Ok cool, I'll target that one then :)
Absolutely fascinating. And I'd say tentatively, not implausible interpretation for some OCD at least.
Anxiety (hypervigilance etc -- something we sadly evolved to have a tendency towards) has a way of latching onto THINGS THAT ARE HANDY. Satisfaction holes (I've never heard of this before but what a fabulous concept) are perfect because they are always available. You can't fix or reason (looking at you, CBT) your way out of them.
As an aside: I don't have OCD as such but my ptsd-adjacent crazy manifests at times with intrusive thoughts of atrocities and similar (historical typically, like black death, famines, genocides): I can do absolutely nothing about them. Perfect to latch on.
But also. If we accept that principle, then the standard advice of not trying to fix OCD by buying into symptoms (eg not checking heaters and irons) is not quite right. Because some things genuinely provide a fix. And yes, symptoms substitution is a thing so maybe something else will turn up. But still. There was this anecdotal story of a woman obsessing about not switching off her hairdryer. And what solved it fir her was advice to BRING IT WITH HER in the car as she leaves.

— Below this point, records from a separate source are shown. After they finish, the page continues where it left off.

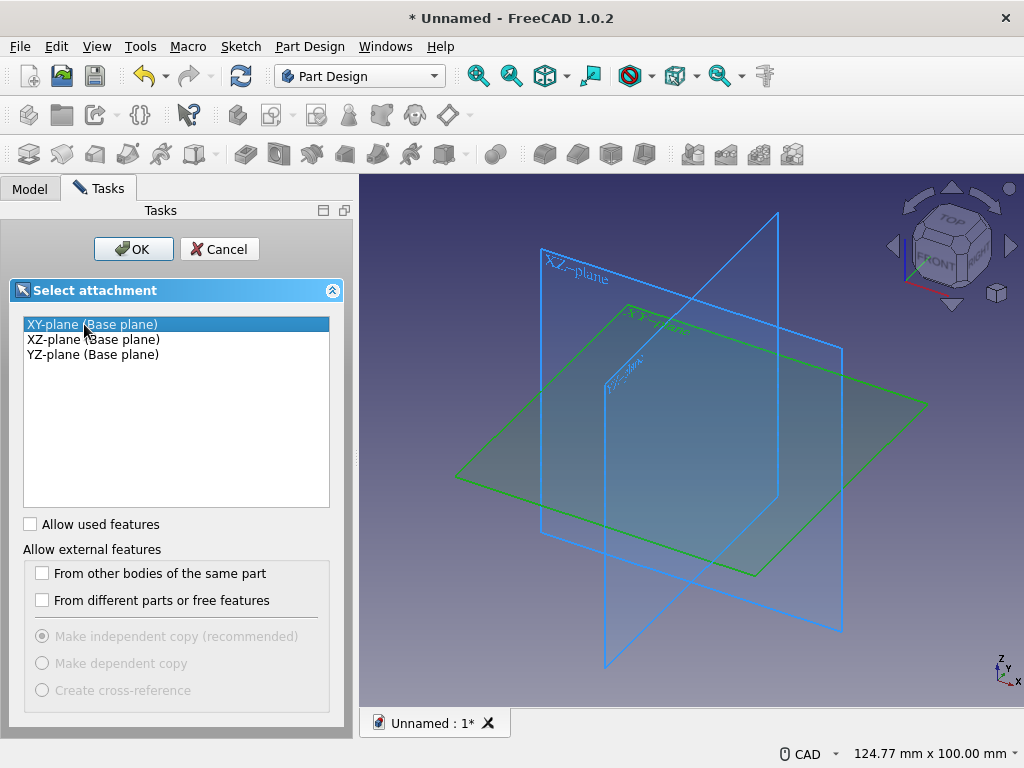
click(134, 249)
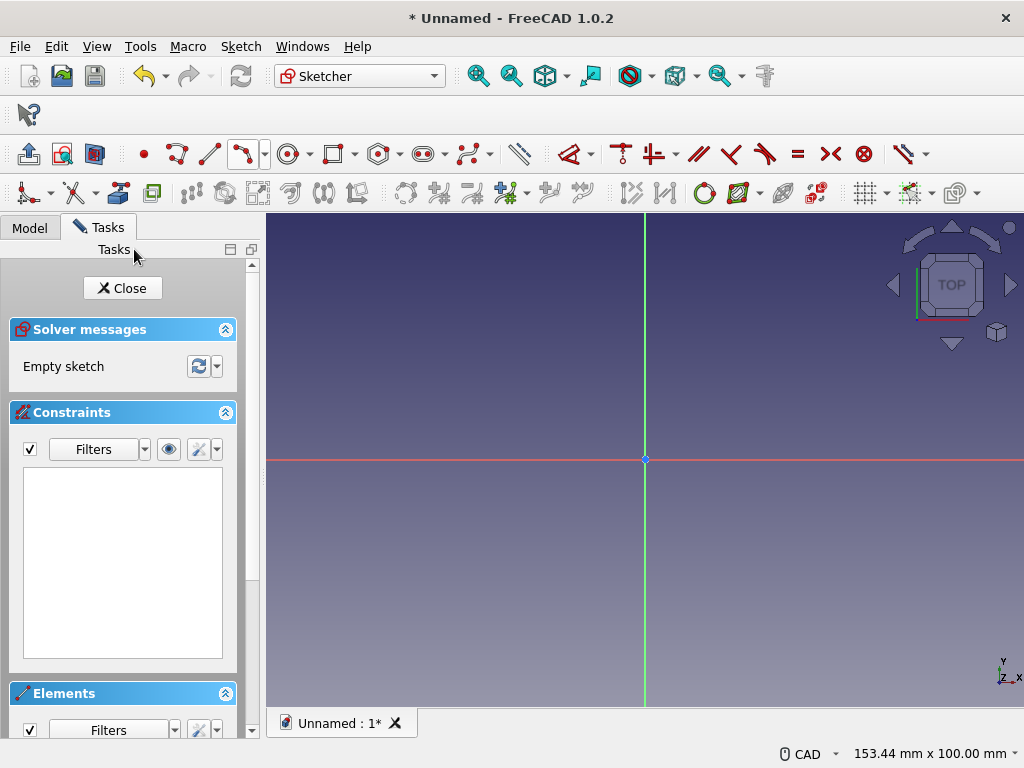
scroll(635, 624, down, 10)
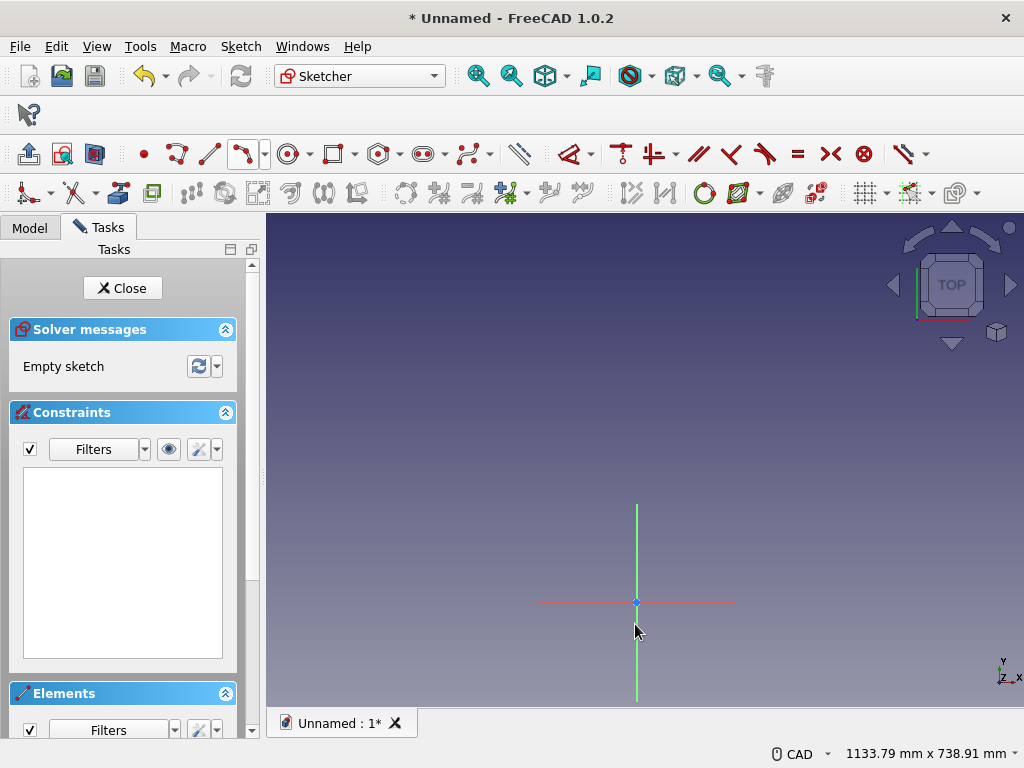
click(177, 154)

Whether she started to obsess about something else, the story doesn't tell.
Yep, you nail my main gripe with CBT, its insistence on reasoning/logic. There is often a logic to these things but not in the way that CBT means.
I also take your point that although bringing the hair dryer in the car doesn't solve the underlying problem, it does provide a fix to a common occurrence of the problem, and a lot of times, removing enough common occurrences makes the underlying problem tolerable. This does go against the standard clinical advice, however, of tolerating the obsession ("Did I leave the hair dryer on?") by not giving into the compulsion ("Let me just run in and check.")
Thank you for reading and commenting.